The Festival of St. Michael & All Angels – Pr. Faugstad sermon
Text: Revelation 12:7-12
In Christ Jesus, whose death and resurrection secured your righteousness and innocence before God, dear fellow redeemed:
The section just before today’s text describes “a woman clothed with the sun, with the moon under her feet, and on her head a crown of twelve stars” (Rev. 12:1). She was in labor, and a huge, red, seven-headed dragon stood before her ready to devour her newborn child. A baby boy was born, but before the dragon could snatch him, he “was caught up to God and to his throne” (v. 5). The woman escaped into the wilderness to a place God prepared for her.
This story, which reads like science fiction, is the central chapter in God’s plan of salvation. It is the fulfillment of the promise God delivered to “that ancient serpent” many years earlier in the Garden of Eden: “I will put enmity between you and the woman, and between your offspring and her offspring; he shall bruise your head, and you shall bruise his heel” (Gen. 3:15). The LORD told the devil that he would not prevail over all humanity. One would be born of a woman who would crush his head.
As the devil listened in on the angel Gabriel’s announcement to the virgin Mary, and then heard a multitude of angels herald the birth of the Christ-Child, he knew who his enemy was. He wasn’t about to take Jesus’ arrival lying down! He did all that he could to overcome Jesus and ruin His mission. He attempted to have Him destroyed by the hand of wicked King Herod who killed the baby boys of Bethlehem. He poisoned the minds of many against the gracious words Jesus spoke, and he even turned Jesus’ own dear disciples against Him.
But the incarnate Son of God was not defeated so easily. Jesus kept on the paths of righteousness. He obeyed His Father’s will. He stayed the course. He was willing to suffer the punishment for sinners. He was willing to die for their sins. “[F]or the joy that was set before him [he] endured the cross, despising the shame” (Heb. 12:2). And then He rose again from the dead. All the devil’s plots and plans had failed. Jesus had succeeded. His mission complete, the Father welcomed Him back to the courts of heaven to sit at His right hand.

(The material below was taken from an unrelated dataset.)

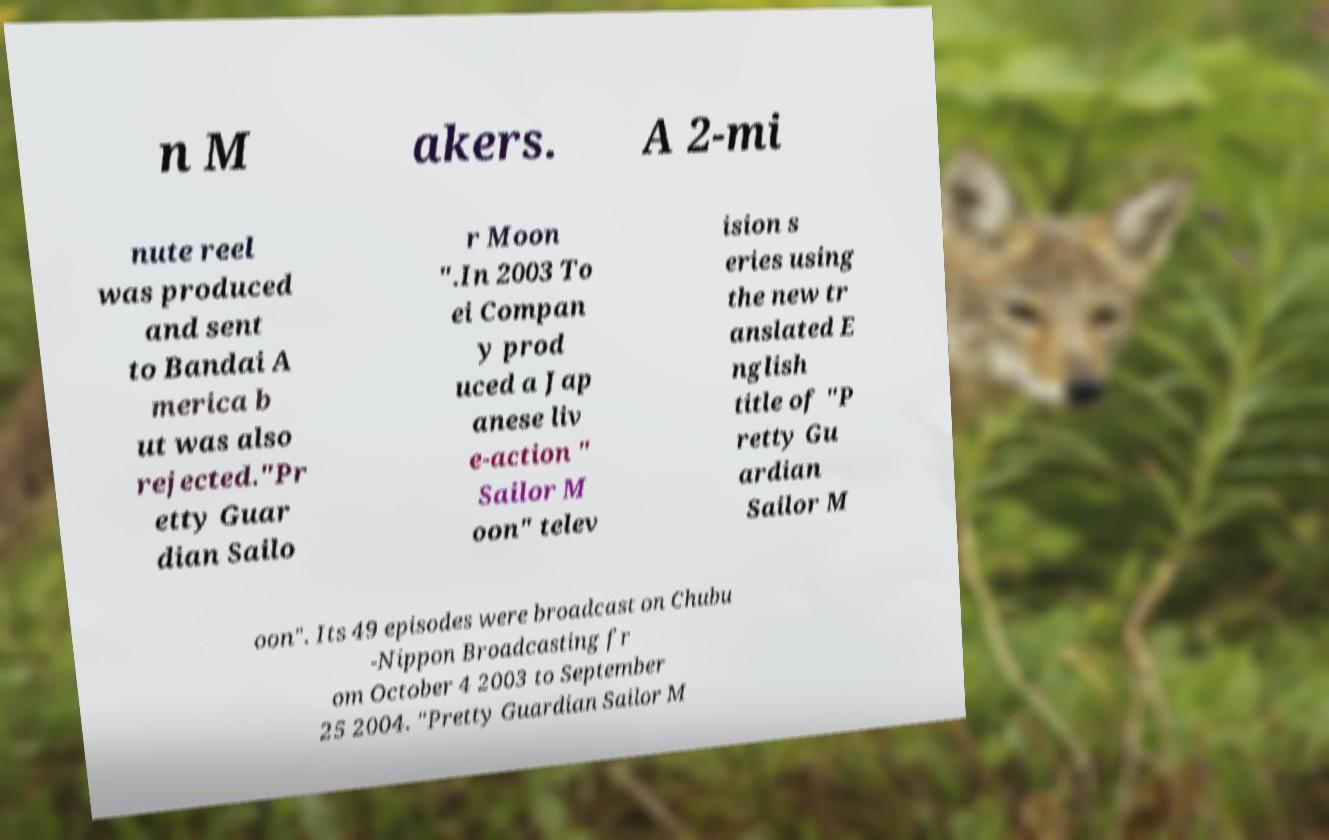Can you read and provide the text displayed in the image?This photo seems to have some interesting text. Can you extract and type it out for me? n M akers. A 2-mi nute reel was produced and sent to Bandai A merica b ut was also rejected."Pr etty Guar dian Sailo r Moon ".In 2003 To ei Compan y prod uced a Jap anese liv e-action " Sailor M oon" telev ision s eries using the new tr anslated E nglish title of "P retty Gu ardian Sailor M oon". Its 49 episodes were broadcast on Chubu -Nippon Broadcasting fr om October 4 2003 to September 25 2004. "Pretty Guardian Sailor M

The Father’s right hand is a position more than a local place. It is the position of all power and authority over all things. The devil doesn’t like the look of that. He thought he had humanity conquered long ago. How could it happen that a flesh and blood descendent of pitiful Adam and Eve would come to reign at God’s right hand? How could any Man rise higher than him, a magnificent, terrifying angel of the mighty God?
That’s what the devil is: an angel. He was a good angel in the beginning, perfect in every way. But he wanted to have more. He wanted to be like God. And he did not think God should favor man and woman like He did. Who were they compared to him? This bright angel-among-angels was not about to serve those inferior creatures of the earth below. So he rebelled against God and convinced a number of other angels to rebel with him.
From that point on, he established himself in opposition to God and did all he could to thwart God’s good plans. This started with his temptation of Adam and Eve, and we find another clear example in the Book of Job. Job was a faithful believer, who had been blessed by God with great riches and honor. The devil came before the LORD and argued that if God touched Job with trouble instead of blessing, Job would surely curse God to His face (Job 1:11, 2:5).
It is clear that at this time, God still allowed the devil to come before His throne in heaven and speak. There is another example of this recorded by Zechariah the prophet. Zechariah was shown “Joshua the high priest standing before the angel of the LORD, and Satan standing at his right hand to accuse him” (Zec. 3:1). But this does not happen anymore. The devil no longer plays the role of prosecuting attorney at the throne of God. His arguments against our sinfulness are no longer admitted.
Today’s account from Revelation tells us when and how Satan was booted from God’s heavenly courtroom. It happened when Jesus returned to heaven in victory after His death and resurrection. He ascended into heaven where all the saints and angels received Him with rejoicing (Rev. 5). The conquering King had returned! But one thing more had to be done. The dragon had to go.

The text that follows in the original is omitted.